For obvious reasons, Beth Moore’s tweet thread railing against white supremacy in the church got a lot of attention and raised a lot of question. NOQ Report already covered this story. However, I wanted to add my commentary because having founded the Evangelical Dark Web, in an effort to combat such heresies as the Social Justice Gospel, my expertise on this subject allows me to make sense of Beth Moore‘s words where they may not for most Christians. First Let us review Beth Moore’s words:
If you’re gonna let a little name-calling keep you from standing up for what you believe according to the Word of God is gospel truth, you ain’t ready. White supremacy has held tight in much of the church for so long because the racists outlasted the anti racists. Outlast THEM.
They’re going to call you a Marxist, a liberal (their worst possible derision) & a leftist. They’re going to make fun of your “wokeness” & they’re going to say you’ve departed all faithfulness to the Scriptures. If you teach or preach, they’ll say you are a false teacher/prophet.
And they do this because it is effective. There will be people who believe them. And this is why it has worked for generations. The names in the name-calling may be different but the fear it triggers is the same. No servant of God wants to be seen as unfaithful. So we tone down.
Can’t say this strongly enough: Stay in your Bibles. Read the OT prophets & watch for verses noting God’s displeasure over injustice. Note divine judgment. Start w/ Isaiah. Pore over the Gospels & watch what compelled & repelled Jesus. Read Acts thru Revelation. Read, read, READ.
Stop being intimidated. Don’t enter into the name-calling war. Hold onto your heart as you stand firm. Jesus said a tree is known by its fruit. Gal 5:22-23 lists the fruit Jesus prioritizes: love, joy, peace, patience, kindness, goodness, faithfulness, gentleness & self-control.
The white supremacist way has produced terrible fruit. ENDURE. In regard to the ones who will believe you’re on the slippery slope, just keep serving Jesus faithfully. They are looking for you to go off the deep end in a few years. SO DON’T. Stay faithful to Jesus. Time’ll tell.
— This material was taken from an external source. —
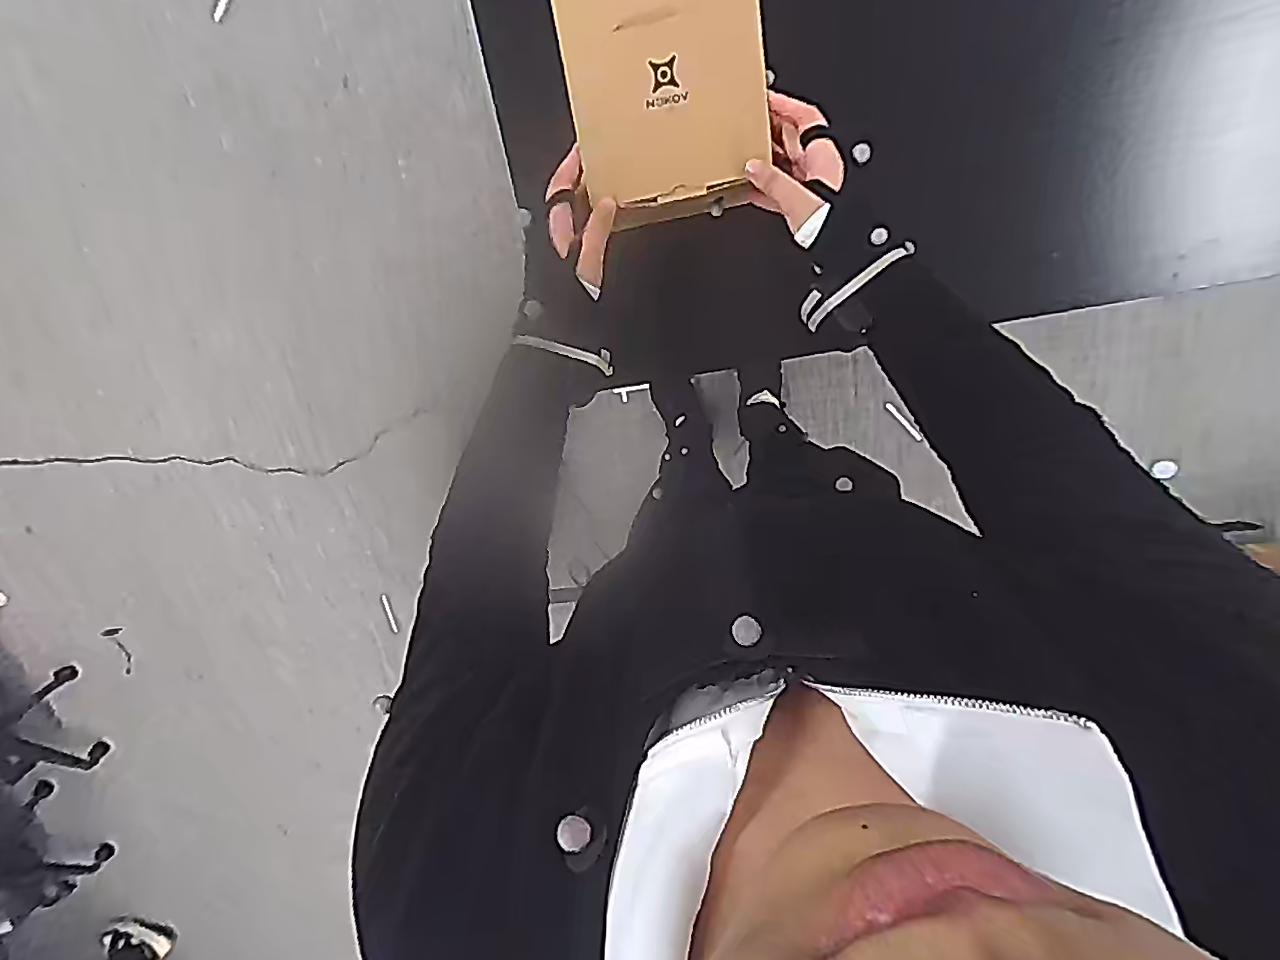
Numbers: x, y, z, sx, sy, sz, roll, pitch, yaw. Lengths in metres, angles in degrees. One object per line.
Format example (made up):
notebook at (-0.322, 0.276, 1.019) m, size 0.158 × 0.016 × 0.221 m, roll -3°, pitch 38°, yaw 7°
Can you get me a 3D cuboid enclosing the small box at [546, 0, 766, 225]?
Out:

My colleague, Chastity Mansfield, writes that Beth Moore is begging the question as to where is the white supremacy in the church. She explains that this is a logical fallacy. She writes:
This is called “begging the question.” As Wikipedia describes it, “In classical rhetoric and logic, begging the question is an informal fallacy that occurs when an argument’s premises assume the truth of the conclusion, instead of supporting it. It is a type of circular reasoning: an argument that requires that the desired conclusion be true. This often occurs in an indirect way such that the fallacy’s presence is hidden, or at least not easily apparent.”
Her conclusion that white supremacy must be called out in the church assumes the premise that there is a problem with too many white supremacists in churches around America. Are there white supremacists present? Sure. Are the taking down churches, bullying members into accepting their ideology, or guiding churches in their doctrine? If so, it’s the best kept secret in evangelism because I’ve never heard of it being a problem in the last several decades.
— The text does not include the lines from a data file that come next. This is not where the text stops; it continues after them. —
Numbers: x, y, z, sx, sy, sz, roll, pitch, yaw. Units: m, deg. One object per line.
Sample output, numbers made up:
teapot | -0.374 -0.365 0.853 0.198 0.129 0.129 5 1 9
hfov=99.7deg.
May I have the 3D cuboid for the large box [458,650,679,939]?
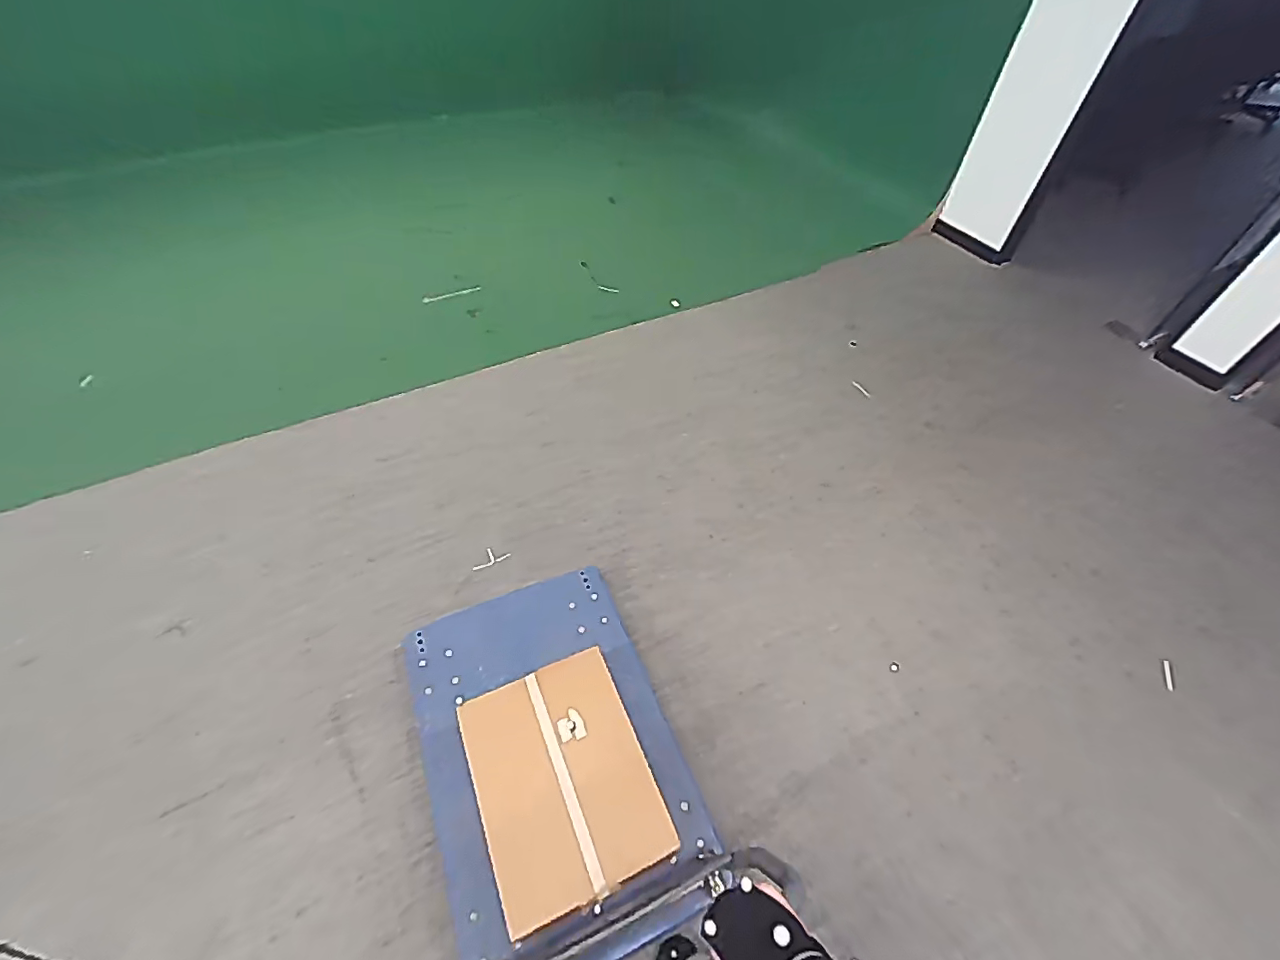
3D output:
large box | -0.148 0.649 1.138 0.320 0.320 0.408 -19 53 -16

However, I disagree with this criticism levied not only my colleague but many of the pundits and pastors that she highlights. Their critique of Beth Moore’s words are a surface level criticism that ignore the far more dangerous ideology underneath the surface. Beth Moore is preaching Marxism and has a different definition of white supremacy. In the same way that critical theorist (cultural Marxist) define racism as a system, they also define white supremacy in a similar manner.
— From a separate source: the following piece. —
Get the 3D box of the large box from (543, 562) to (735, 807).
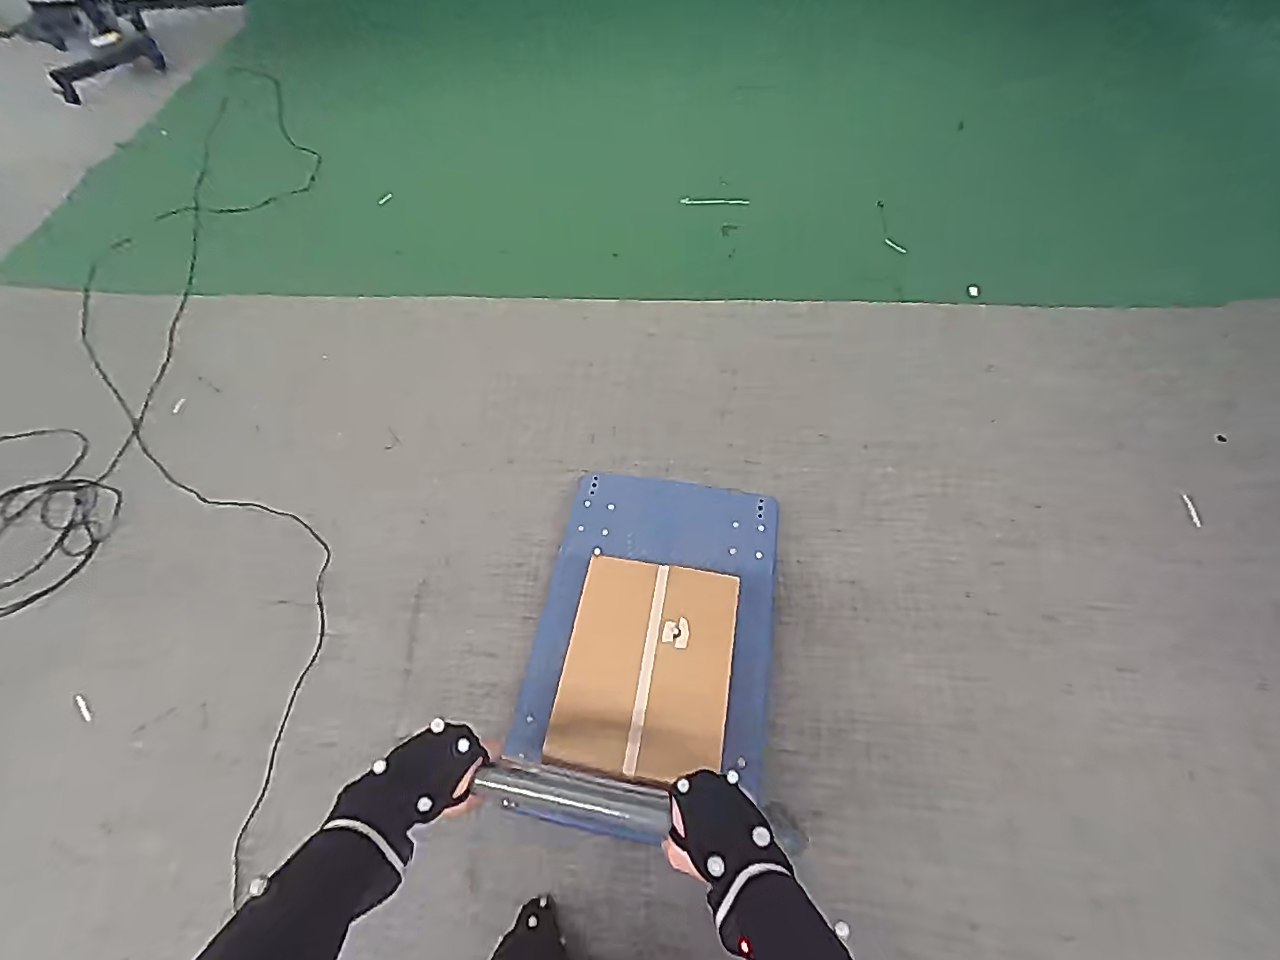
[{"bbox_3d":[0.018,0.438,1.151,0.320,0.320,0.408,8,59,7],"label":"large box"}]

Chapter 2 of Robin DiAngelo’s White Fragility defines white supremacy in such manner. Please refer to my walkthrough of Chapter 2 below
Beth Moore does not name names, nor cite evidence, because she is using a Marxist framework that assumes racism. The Christian does not use such framework and so they are left confused by her words. Rightfully so, I might add. While Beth Moore’s words, on the surface, are illogical and divisive, beneath the surface, Beth Moore is tripling down on Marxism and encouraging other to do the same.